Today AR and VR (virtual reality) are starting to become an almost normal part of everyday. With the pandemic afflicting the world for the last 18+ months, who didn’t want to go for a run on a treadmill that had a screen showing you in a cheery meadow or perhaps a bike ride through some exotic foreign location. Granted those aren’t quite as interactive as things like Pokemon Go but it is a form of AR. That’s where ePlay Digital Inc. (CSE: EPY) and their Klocked offering, which is an augmented reality fitness app and network for races and everyday training, takes things to another level.

The Klocked website proclaims you are “Racing on the Holodeck”, which is a Star Trek reference to a fictional device that uses holograms to create a realistic 3D simulation of a real or imaginary settings, in which participants can freely interact with the environment.
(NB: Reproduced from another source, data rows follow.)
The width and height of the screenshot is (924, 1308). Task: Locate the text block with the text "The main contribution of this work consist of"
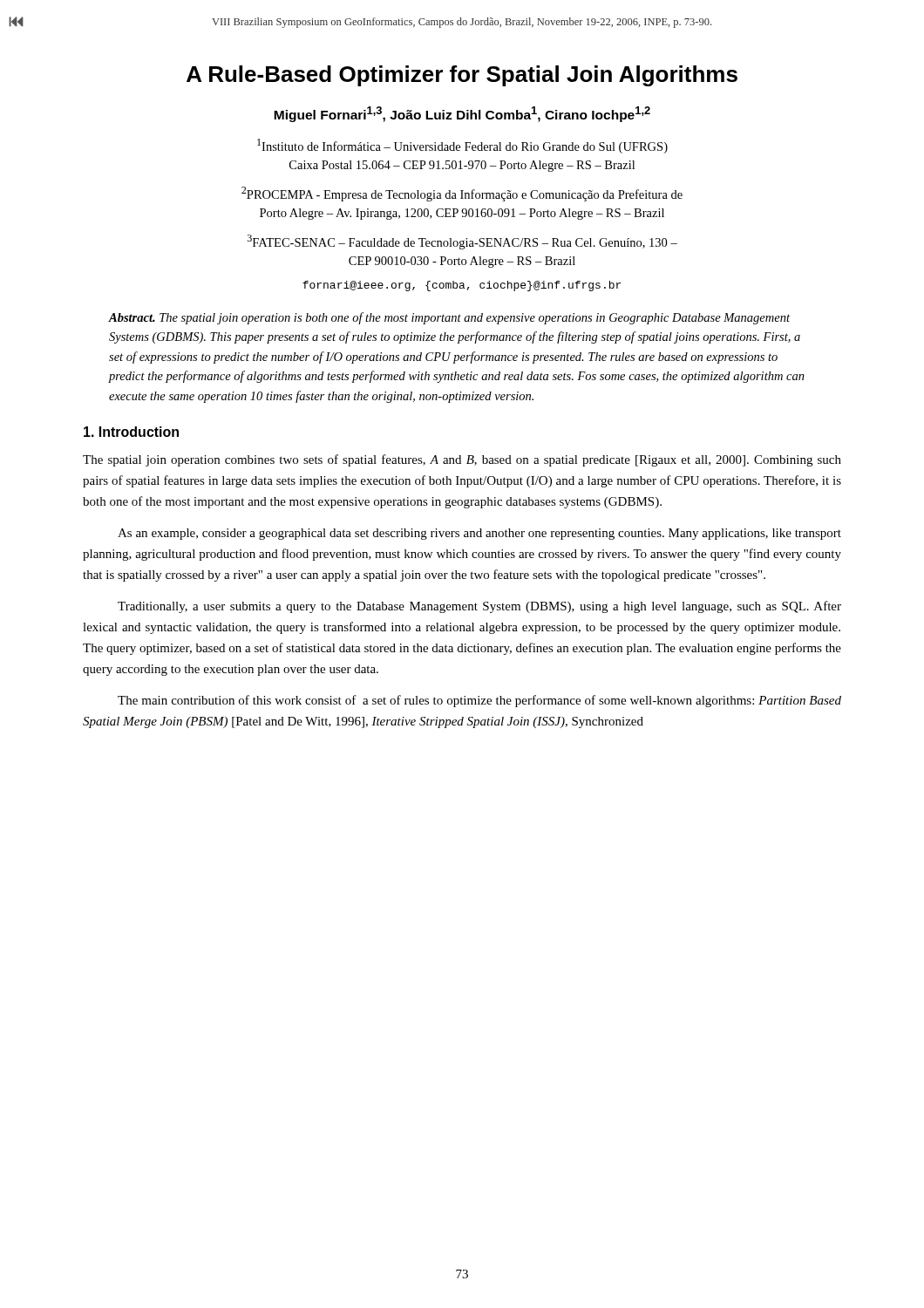pos(462,711)
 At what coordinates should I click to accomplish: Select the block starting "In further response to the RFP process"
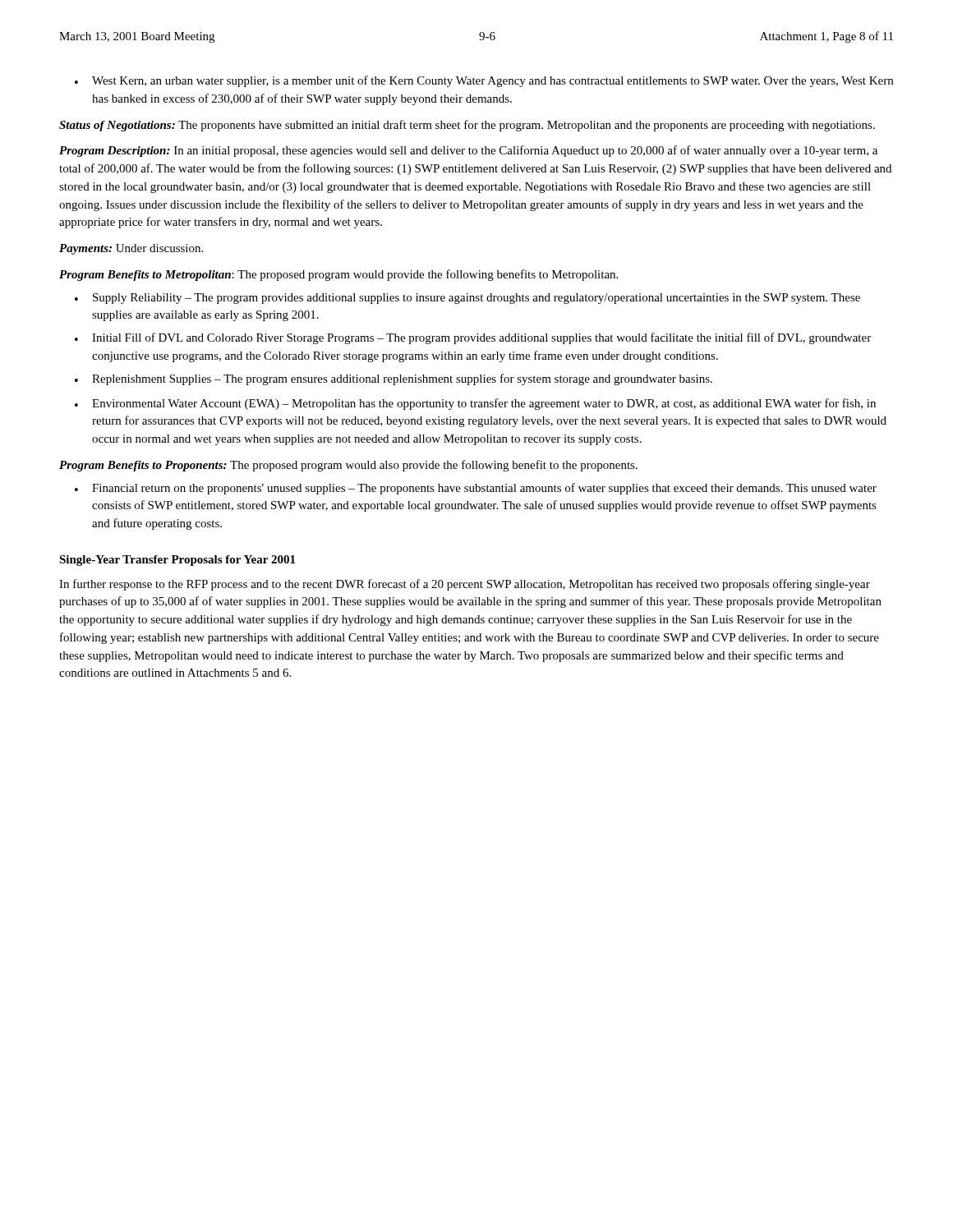pos(470,628)
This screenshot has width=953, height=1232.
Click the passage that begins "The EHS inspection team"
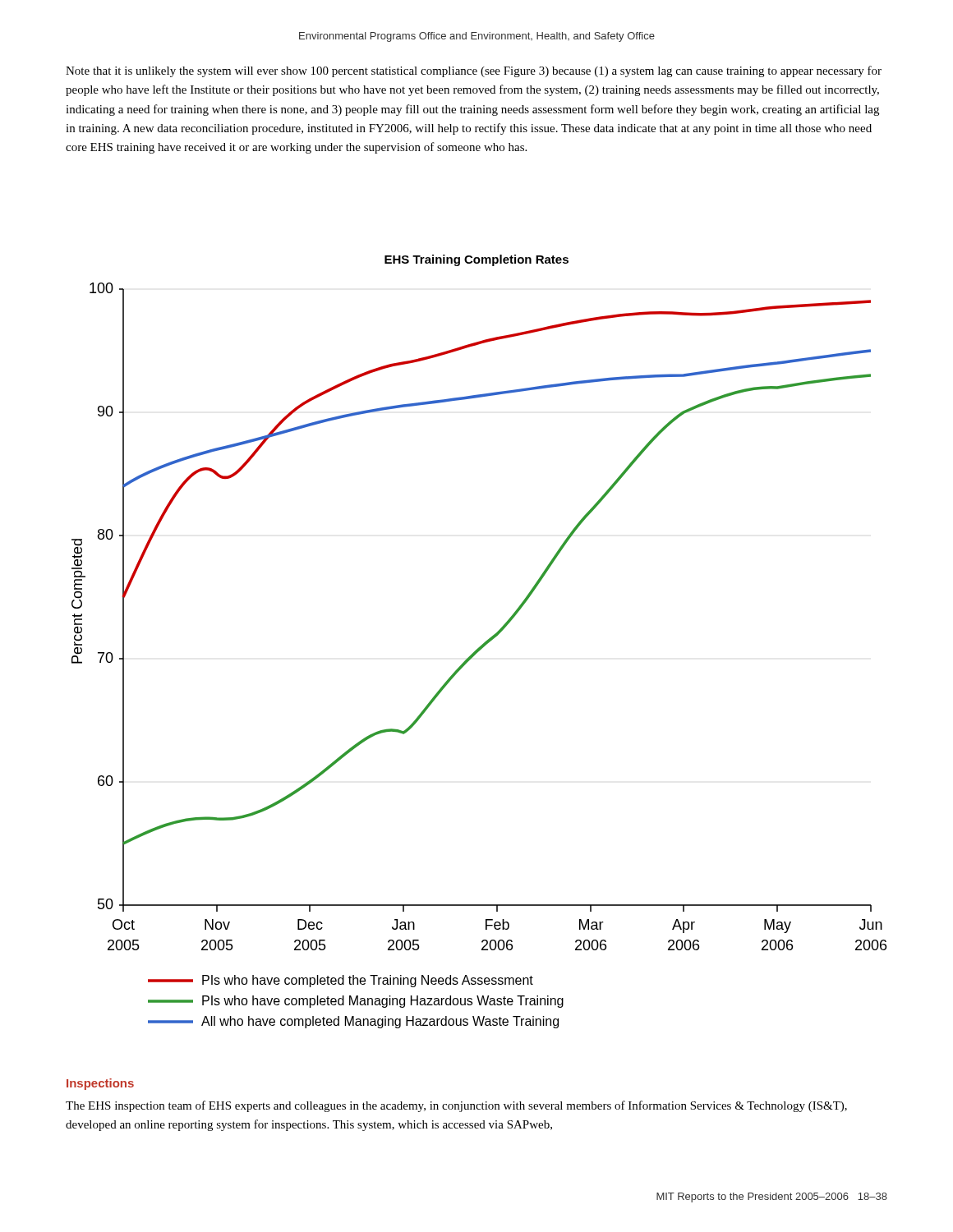pos(457,1115)
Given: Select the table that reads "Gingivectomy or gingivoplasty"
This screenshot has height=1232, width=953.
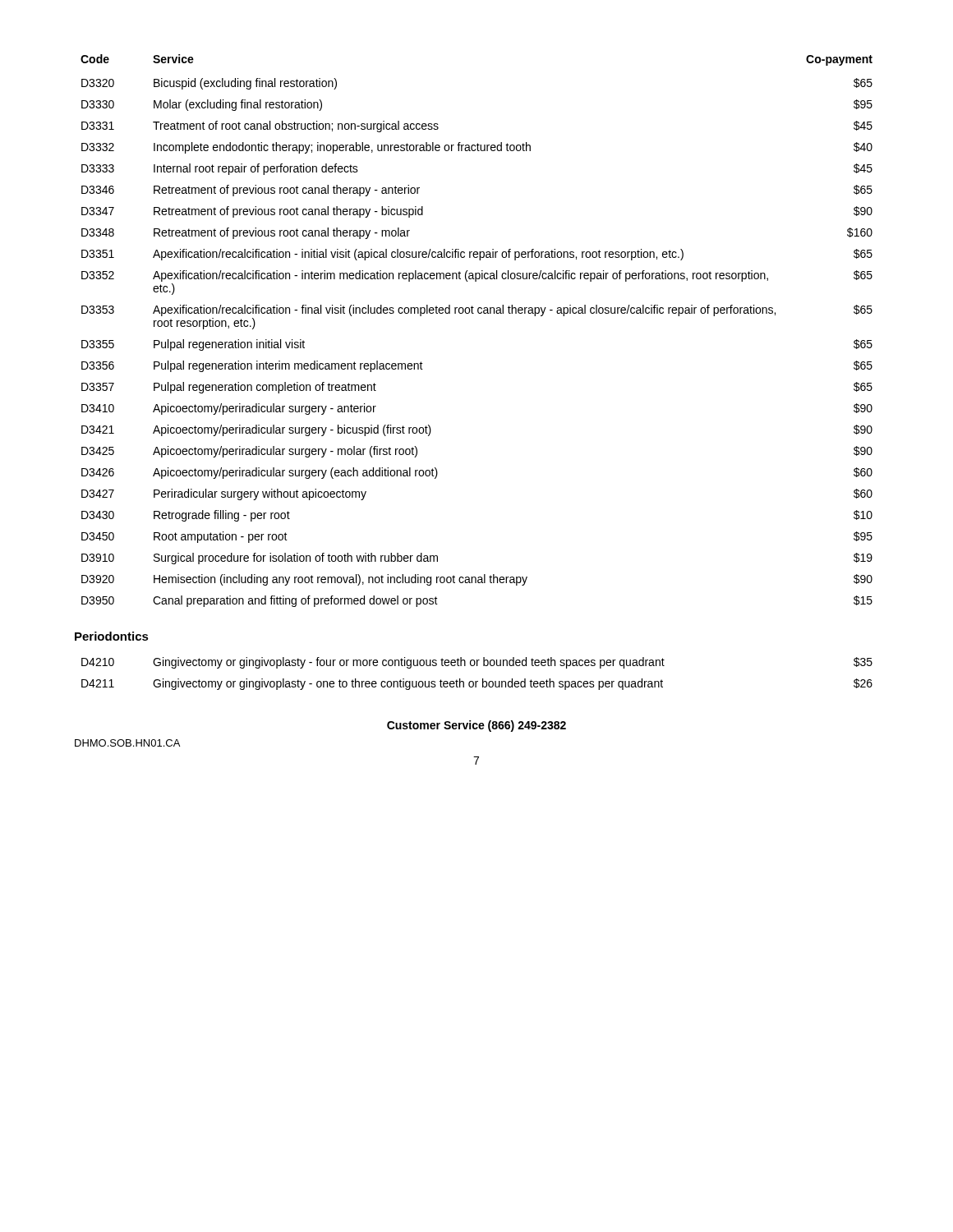Looking at the screenshot, I should pos(476,673).
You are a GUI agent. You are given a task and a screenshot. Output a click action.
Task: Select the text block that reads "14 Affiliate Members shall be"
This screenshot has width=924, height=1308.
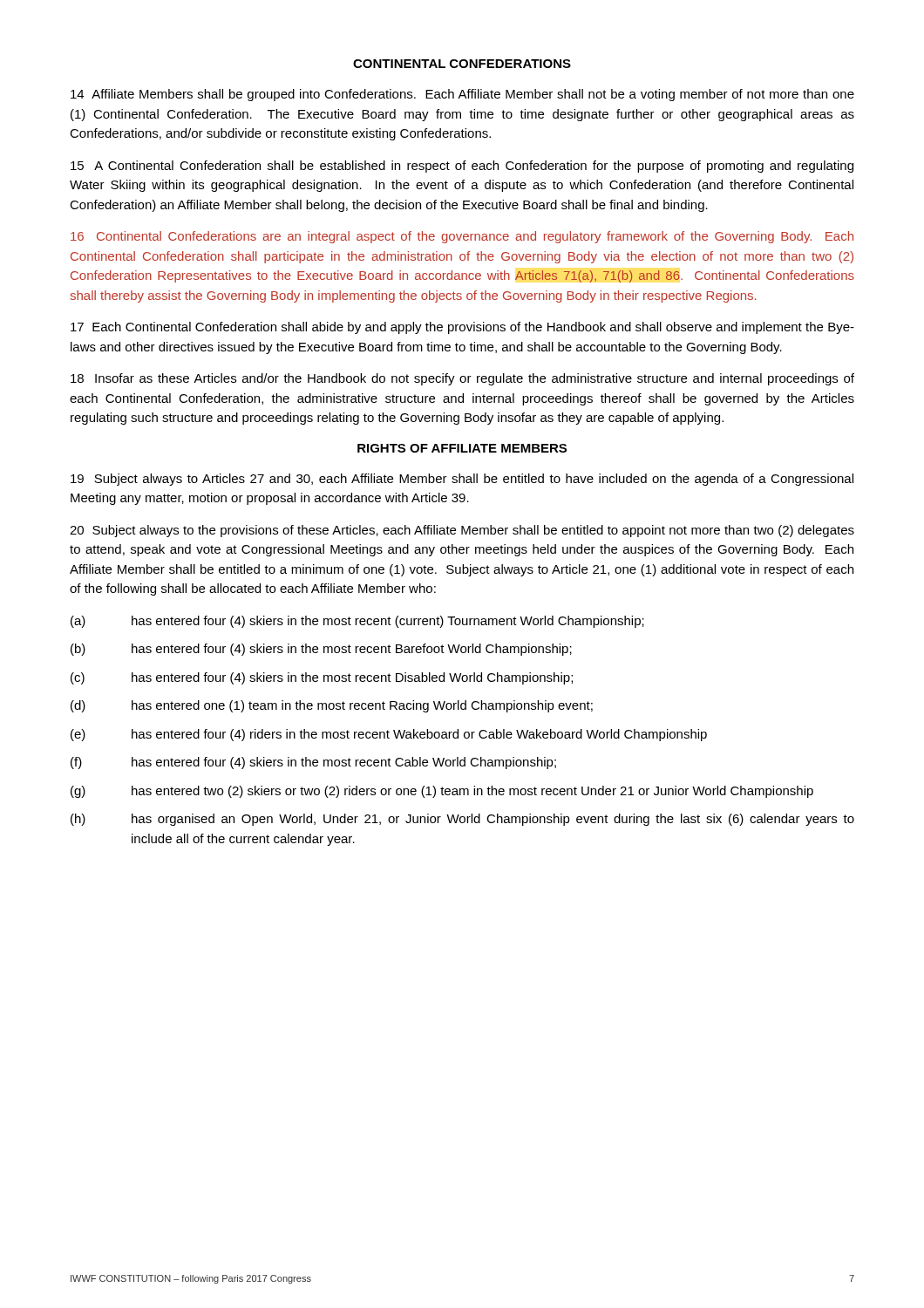[462, 113]
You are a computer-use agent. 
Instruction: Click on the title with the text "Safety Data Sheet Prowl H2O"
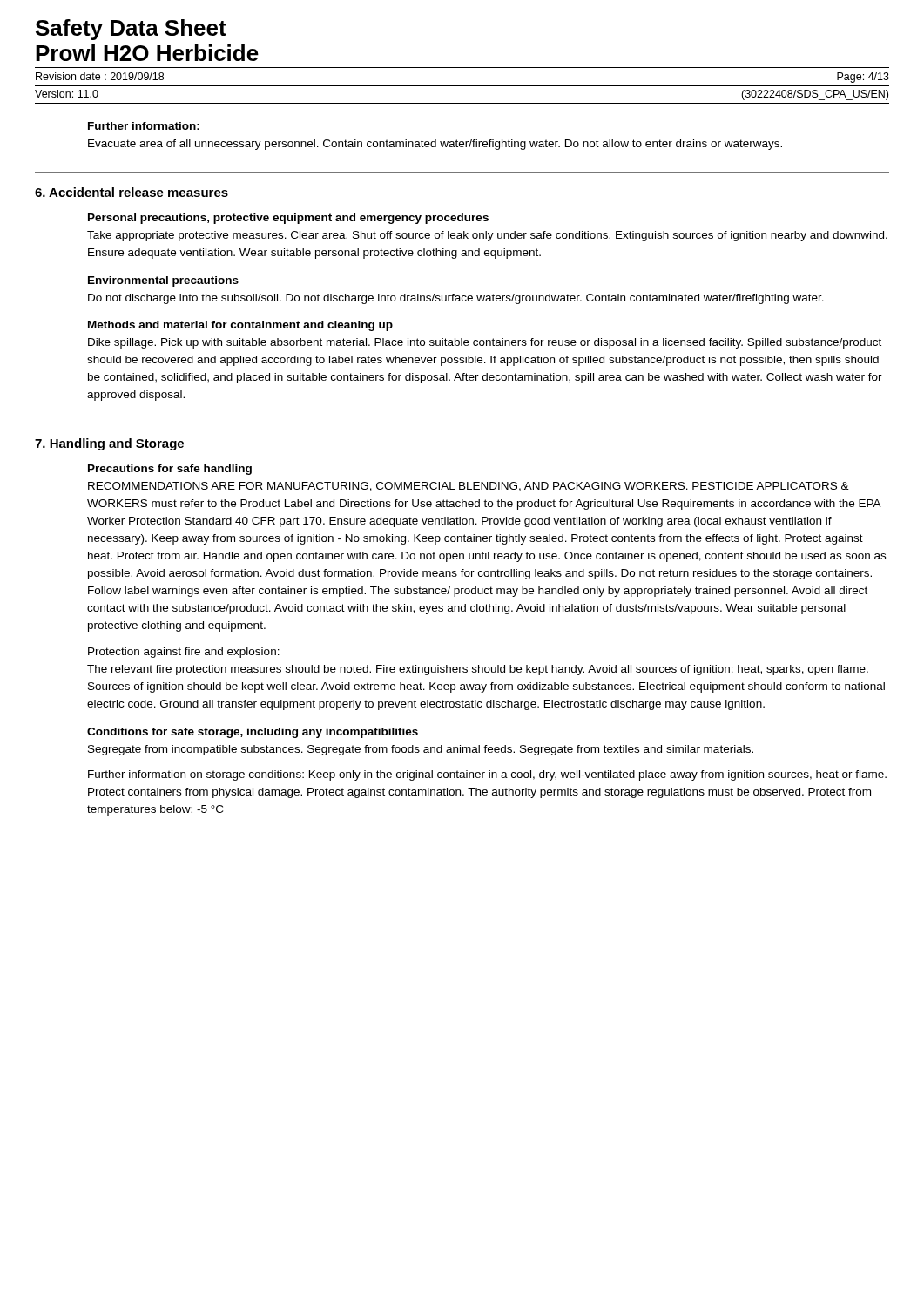(x=147, y=41)
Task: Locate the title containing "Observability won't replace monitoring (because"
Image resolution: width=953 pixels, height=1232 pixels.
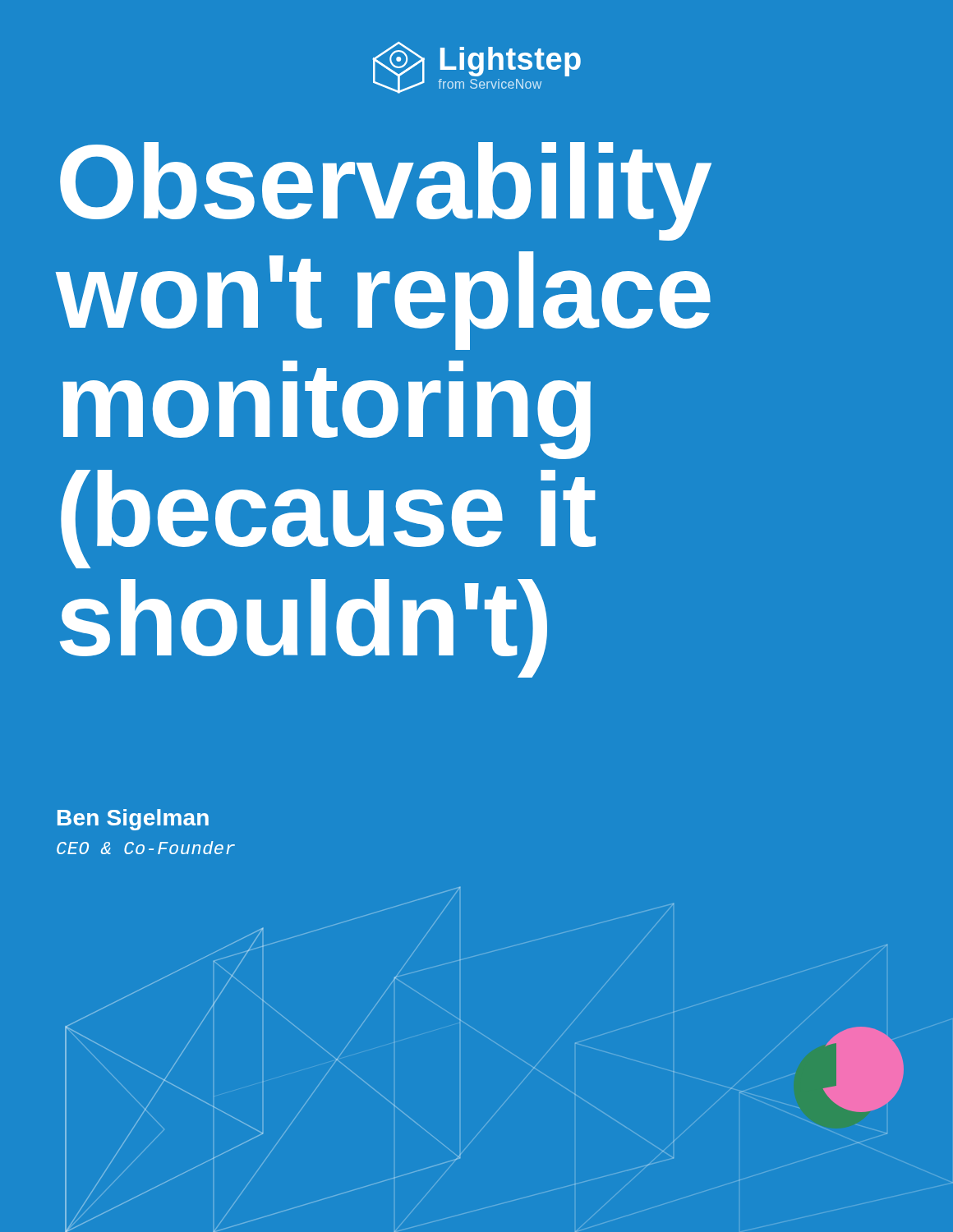Action: [476, 401]
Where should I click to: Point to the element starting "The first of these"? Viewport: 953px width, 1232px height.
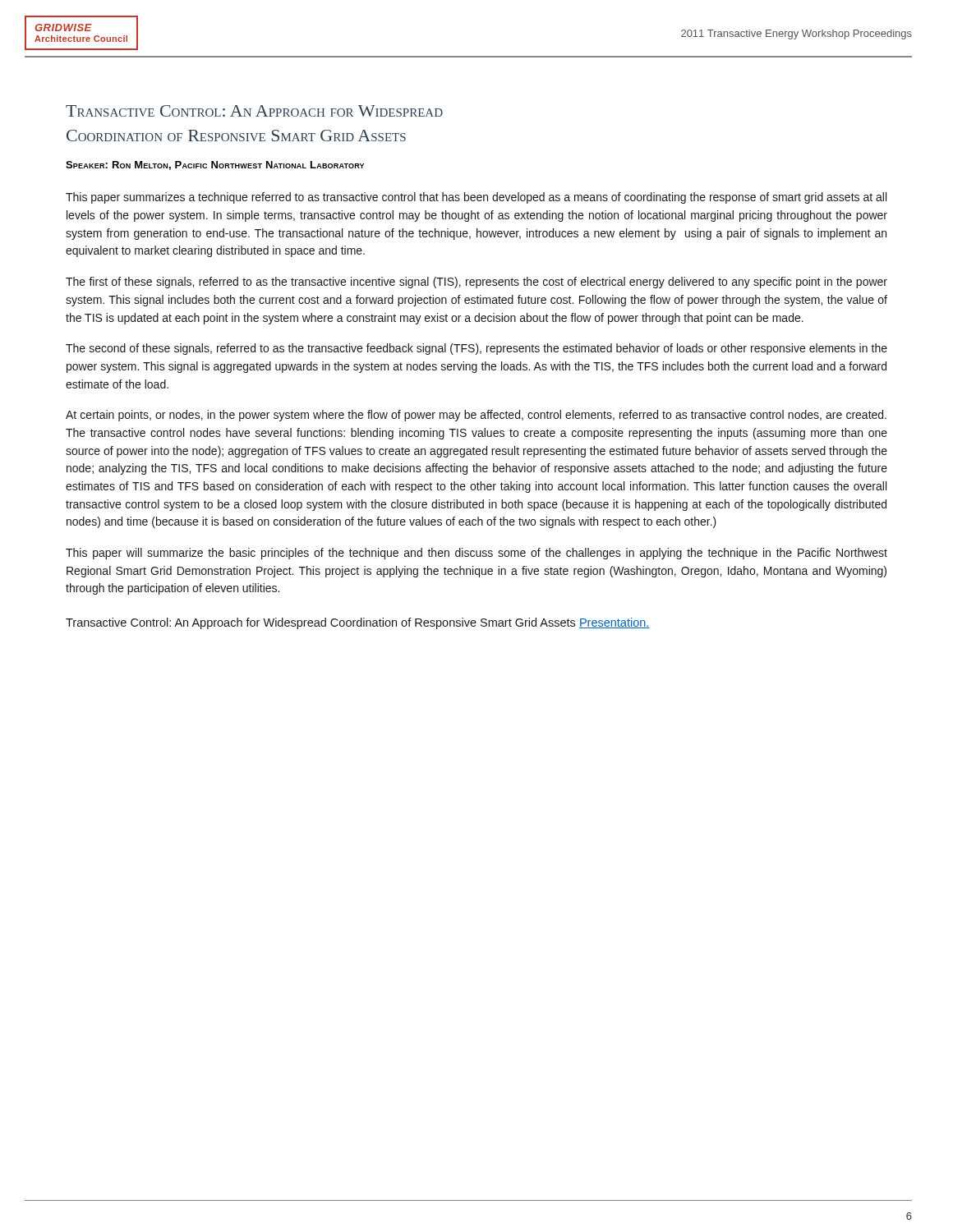pos(476,300)

The App, using the Augmented Reality Sports Network, tracks your fitness activity using GPS and in real-time visualizes everyday training and racing utilizing advanced 3D augmented reality technology. Artificial Intelligence (AI) provides real-time feedback regarding race placement, personal best progress, and fitness enhancements. Klocked allows spectators and fans to live stream or view on-demand the world’s biggest marathons and races from thousands of Klocked virtual cameras.​ In other words, you can be running around your neighbourhood but your family can watch you competing in the NYC Marathon (or whatever event you want to be in). In your earbuds, you are hearing the cheering fans and the occasional motivational encouragement as well as progress updates. Runners can customize their avatars, share their runs, upload to Strava, and run under the Eiffel Tower or by the London Eye.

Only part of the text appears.